Оценка химически индуцированного колита с помощью иммуногистохимического анализа срезов ткани толстой кишки

У мышей слой слизистой оболочки толстой кишки состоит из иммунных клеток, содержащих собственную пластинку, окруженную плотно упакованным эпителием, защищающим слизистую оболочку. Химическая обработка сульфатом натрия декстрана разрушает плотные соединения, вызывая повреждение эпителиальных клеток и позволяя микробам просвета проникать в собственную пластинку.

Микробное распознавание в толстой кишке запускает секрецию хемокинов, что приводит к инфильтрации иммунных клеток и высвобождению провоспалительных цитокинов. Этот преувеличенный иммунный ответ приводит к воспалению толстой кишки или колиту.

Чтобы оценить химический колит, начните со предметного стекла с фиксированным, предварительно обработанным участком ткани толстой кишки мыши, демонстрирующим химически индуцированный колит. Обработайте секцию коктейлем первичных антител, специфичных к рецепторам иммунных клеток, которые связываются с соответствующими иммунными клетками.

Промойте, чтобы удалить несвязанные антитела. Инкубируйте участок ткани с биотинилированными вторичными антителами, которые специфически связываются с первичными антителами. Инкубируются со стрептавидин-ферментными конъюгатами, которые взаимодействуют с биотинами, образуя комплексы.

Наложите на участок ткани хромогенный субстрат, и взаимодействие фермент-субстрат придаст иммунным клеткам коричневую окраску. Контрокрашивание участка гематоксилиновым красителем для окрашивания ядров клеток.

Понаблюдайте за испачканным предметным стеклом под микроскопом. Обилие коричневых иммунных клеток в поврежденной области указывает на химически индуцированный колит.

Для иммуногистохимического анализа после нагрева срезов в течение 20 минут на горячей плите трижды промыть предметные стекла в PBS в течение 10 минут за одну промывку и устранить эндогенную пероксидазу с помощью 10-минутной инкубации 3% перекисью водорода.

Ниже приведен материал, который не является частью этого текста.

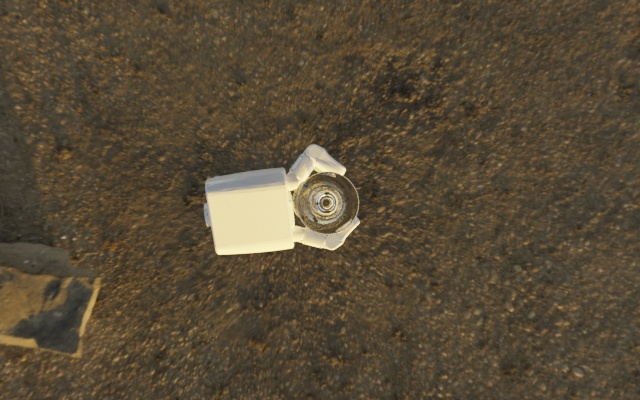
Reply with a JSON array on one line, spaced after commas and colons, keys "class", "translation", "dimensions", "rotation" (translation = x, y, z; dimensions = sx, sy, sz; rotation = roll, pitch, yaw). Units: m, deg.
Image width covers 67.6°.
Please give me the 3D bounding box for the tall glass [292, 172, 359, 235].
[{"class": "tall glass", "translation": [0.000, 0.002, 0.658], "dimensions": [0.079, 0.079, 0.201], "rotation": [0, 1, -4]}]
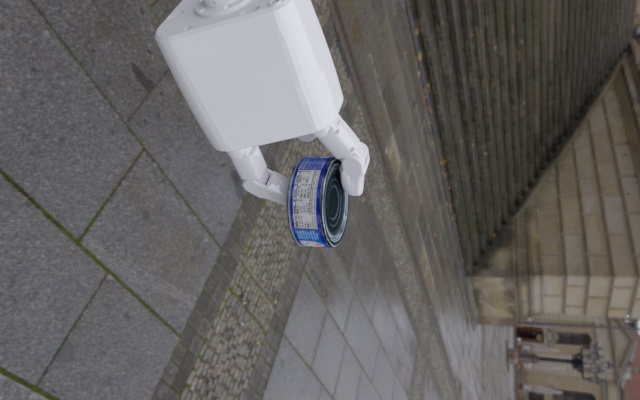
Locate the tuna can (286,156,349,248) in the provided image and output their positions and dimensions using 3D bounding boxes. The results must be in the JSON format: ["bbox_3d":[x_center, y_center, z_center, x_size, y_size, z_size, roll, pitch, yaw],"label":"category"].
[{"bbox_3d":[0.001,0.002,0.449,0.034,0.086,0.086,2,1,19],"label":"tuna can"}]
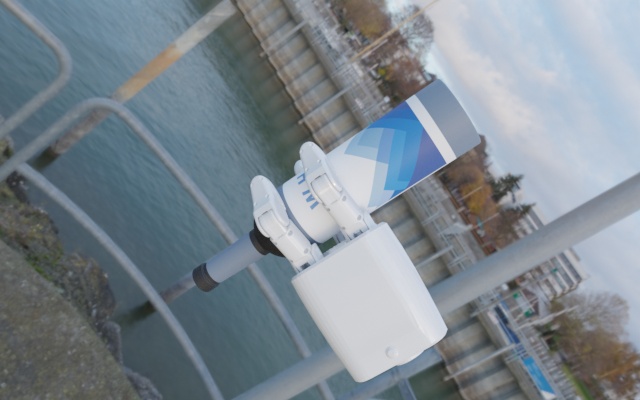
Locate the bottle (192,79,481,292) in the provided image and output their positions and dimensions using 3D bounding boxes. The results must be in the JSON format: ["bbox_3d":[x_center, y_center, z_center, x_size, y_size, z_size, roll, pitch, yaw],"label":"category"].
[{"bbox_3d":[0.000,0.001,0.445,0.296,0.069,0.069,-33,-9,13],"label":"bottle"}]
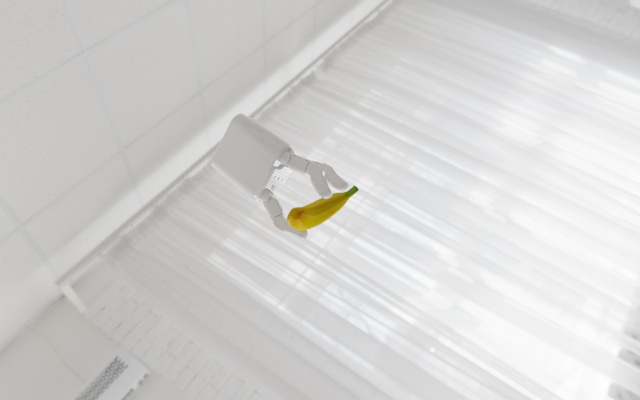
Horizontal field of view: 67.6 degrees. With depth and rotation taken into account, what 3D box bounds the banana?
[{"bbox_3d":[-0.008,0.015,0.766,0.037,0.070,0.197,43,30,13],"label":"banana"}]
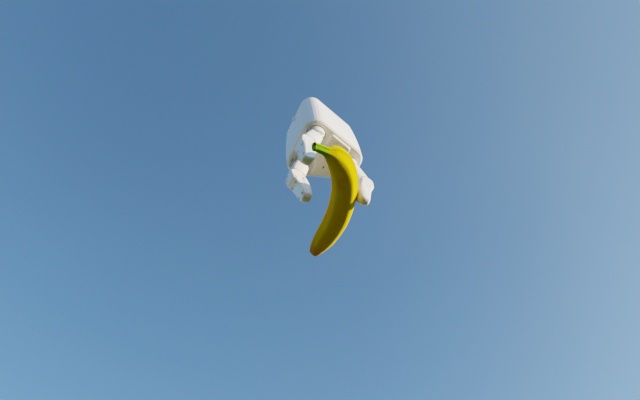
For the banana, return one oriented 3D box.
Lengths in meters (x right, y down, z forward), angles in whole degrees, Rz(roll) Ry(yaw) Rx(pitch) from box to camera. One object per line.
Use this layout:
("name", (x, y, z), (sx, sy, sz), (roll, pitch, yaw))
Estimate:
("banana", (0.019, -0.002, 0.680), (0.069, 0.198, 0.037), (-5, 36, -8))
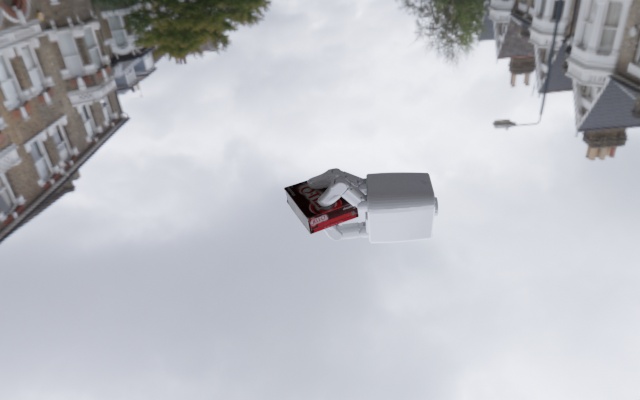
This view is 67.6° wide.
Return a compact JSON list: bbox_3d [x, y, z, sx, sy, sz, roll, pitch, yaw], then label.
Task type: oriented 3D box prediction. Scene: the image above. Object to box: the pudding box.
[{"bbox_3d":[0.000,0.003,0.808,0.090,0.039,0.113,-18,32,-17],"label":"pudding box"}]
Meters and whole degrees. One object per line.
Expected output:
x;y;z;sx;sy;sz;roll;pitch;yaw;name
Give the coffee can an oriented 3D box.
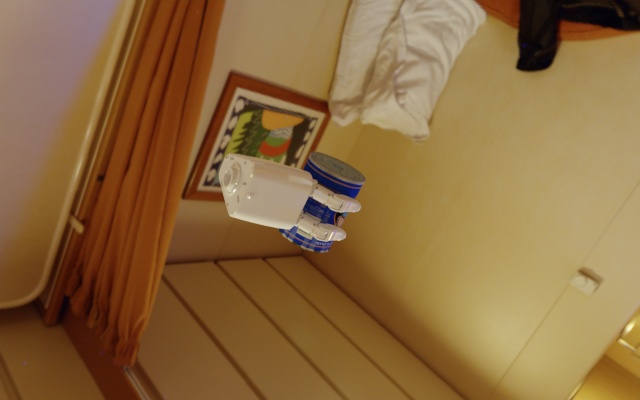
0.000;0.003;0.810;0.103;0.140;0.102;24;17;-8;coffee can
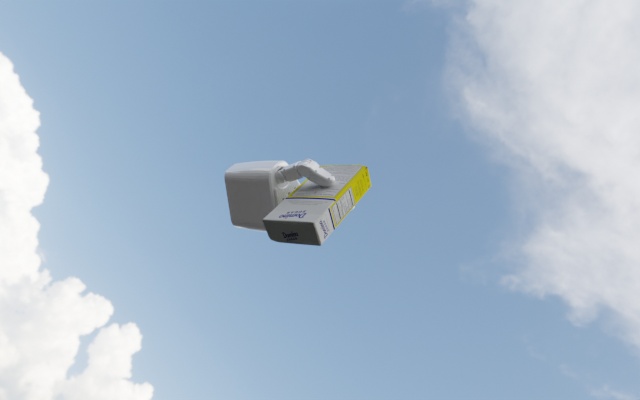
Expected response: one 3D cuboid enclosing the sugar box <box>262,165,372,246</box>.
[{"bbox_3d":[0.000,0.003,0.733,0.093,0.048,0.176,2,33,34],"label":"sugar box"}]
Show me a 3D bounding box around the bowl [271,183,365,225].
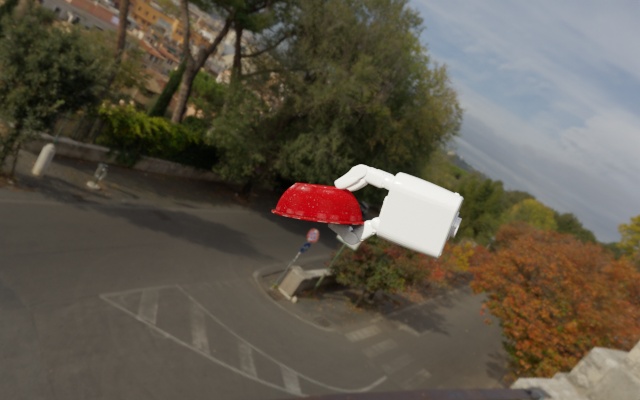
[{"bbox_3d":[-0.001,0.002,0.809,0.162,0.055,0.162,7,3,0],"label":"bowl"}]
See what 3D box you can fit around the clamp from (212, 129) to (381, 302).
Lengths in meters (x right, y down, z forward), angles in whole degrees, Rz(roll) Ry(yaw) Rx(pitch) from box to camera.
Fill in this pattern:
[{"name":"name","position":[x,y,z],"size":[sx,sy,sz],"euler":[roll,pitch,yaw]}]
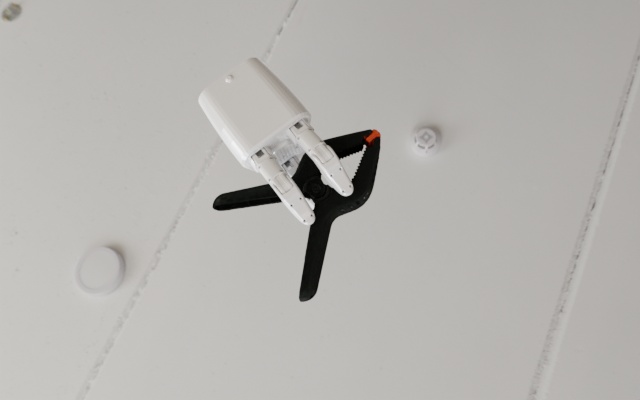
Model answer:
[{"name":"clamp","position":[0.000,0.002,0.559],"size":[0.210,0.164,0.036],"euler":[-37,-16,-5]}]
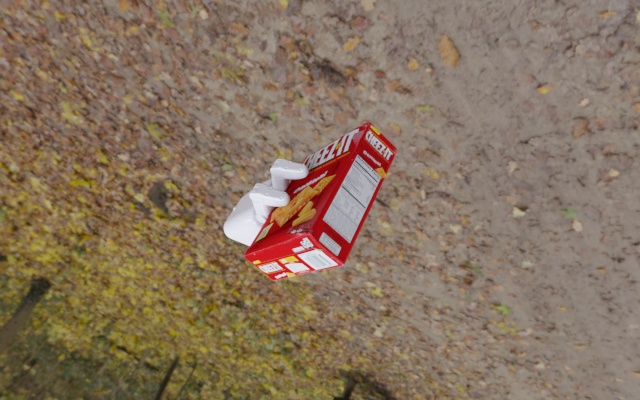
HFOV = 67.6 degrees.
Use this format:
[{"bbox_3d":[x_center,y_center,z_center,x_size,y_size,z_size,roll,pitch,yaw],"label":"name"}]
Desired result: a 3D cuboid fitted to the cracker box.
[{"bbox_3d":[0.000,0.002,0.687,0.072,0.213,0.164,42,-36,-20],"label":"cracker box"}]

В конце инкубации промывайте образцы три раза в PBS, как показано на рисунке, и блокируйте любое неспецифическое связывание блокирующим буфером в течение не менее одного часа при комнатной температуре. Затем замените блокирующий буфер основным интересующим коктейлем антител для ночной инкубации при температуре 4 градуса Цельсия.

На следующее утро аспирируйте избыток первичного раствора антител и трижды промойте предметные стекла в PBS. После последней промывки предметные стекла инкубируют с соответствующим биотинилированным коктейлем вторичных антител с последующим мечением стрептавидиновым комплексом пероксидазы хрена при комнатной температуре.

Чтобы визуализировать иммунореактивные клетки, пометьте образцы DAB до тех пор, пока не появится светло- или темно-коричневый цвет, и закрасьте срезы гематоксилином и 0,3% разбавленным аммиаком.

Когда предметные стекла высохнут, используйте световой микроскоп для получения светлопольных изображений участков ткани при 10-кратном увеличении, а также используйте программу обработки изображений для идентификации и количественной оценки популяции помеченных иммунных клеток как в эпителии, так и в собственной пластинке.